This year’s Denver Zoological Foundation Conservation Award was presented on November 10 to USGS scientist Dean Biggins for his enduring work with black-footed ferrets. Since 1981, when a remnant population of 46 adult ferrets was discovered in Meeteetse, Wyoming, Dr. Biggins has been involved in nearly every facet of ensuring the survival of these endangered animals. In 1985, when the wild population was threatened by distemper and plague, he helped remove the last 18 remaining ferrets from the wild to establish a captive breeding program. Later, he led an effort to develop standards for evaluating potential reintroduction sites for ferrets. In the late 1980s and early 1990s, Dr. Biggins studied Siberian polecats (a close relative of the black-footed ferret) to better understand comparative behaviors and ecology of the ferret subgenus.

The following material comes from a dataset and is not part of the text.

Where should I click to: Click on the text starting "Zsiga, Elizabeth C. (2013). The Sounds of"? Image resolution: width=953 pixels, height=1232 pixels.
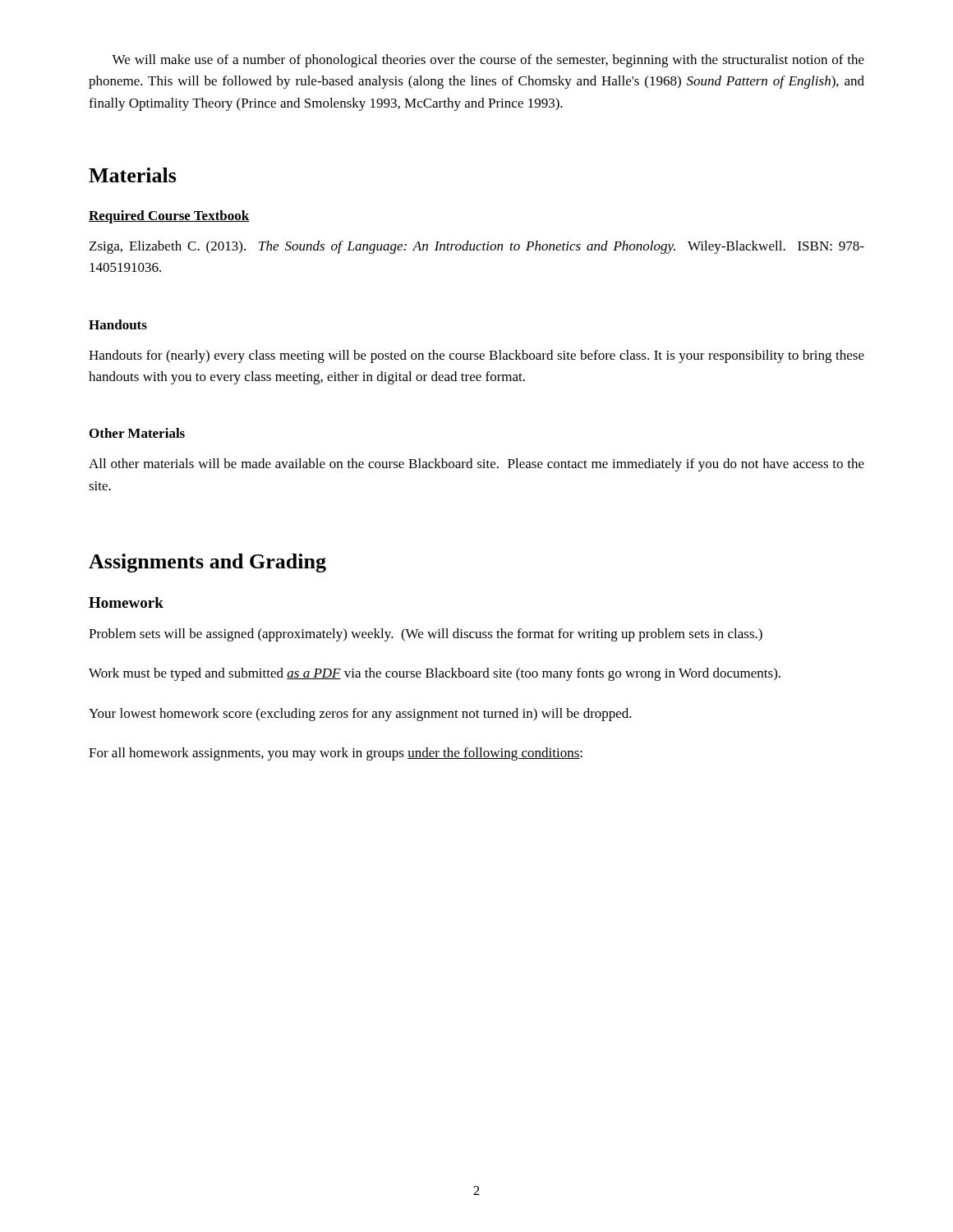click(x=476, y=257)
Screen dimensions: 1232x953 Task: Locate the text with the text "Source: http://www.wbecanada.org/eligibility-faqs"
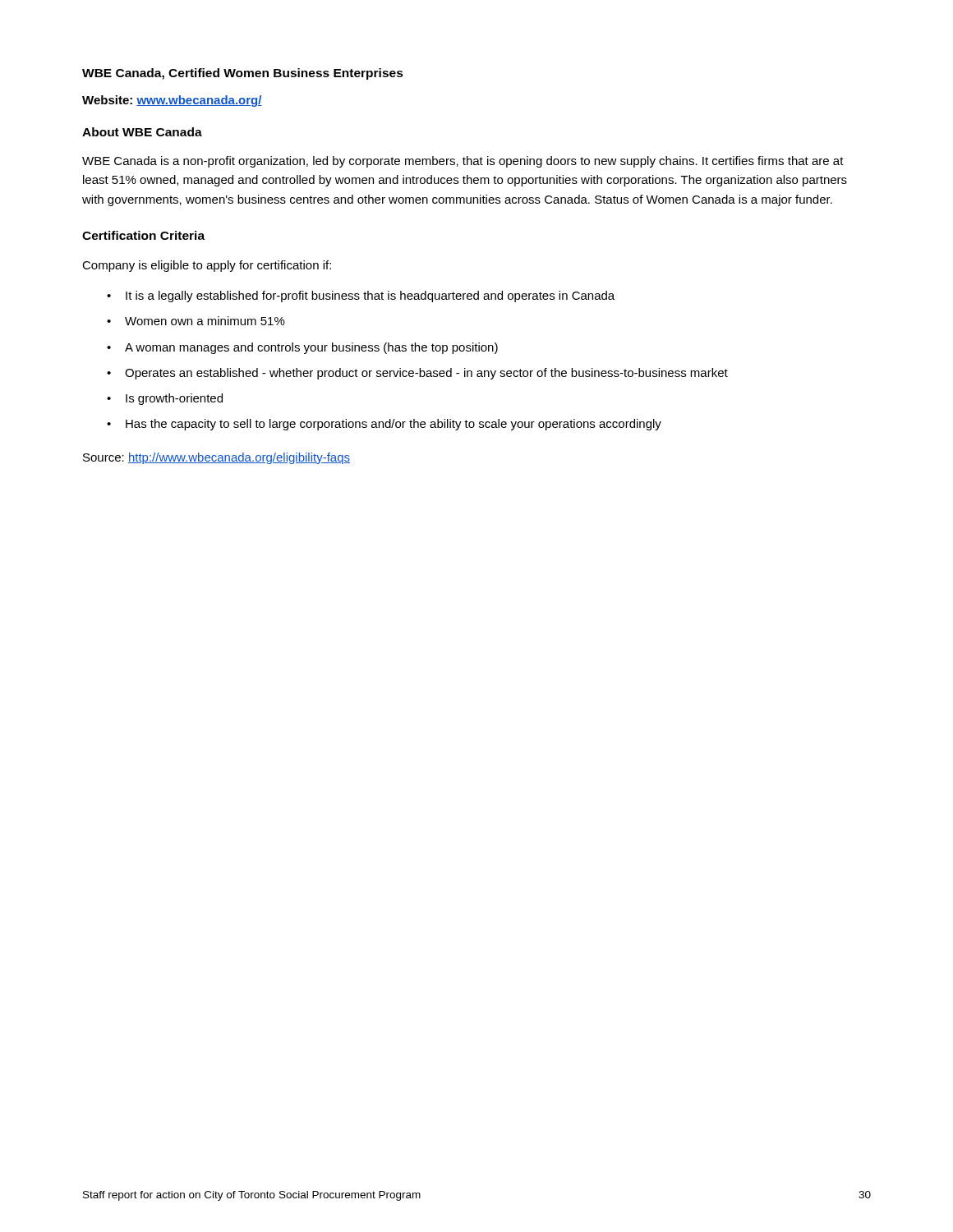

Throughout the 1990s, he and his colleagues developed and tested rearing strategies for ferrets destined for release, resulting in a 10-fold increase in post-release survival rates. Today, wild free-ranging populations in 6 states contain a total of at least 150 adults, and the captive population is maintained at about 250 breeding adults. Dr. Biggins currently is conducting research on plague, a disease considered to be one of the most serious impediments to black-footed ferret recovery.
For more information contact: Dean Biggins
View the Publication "Black-footed Ferrets"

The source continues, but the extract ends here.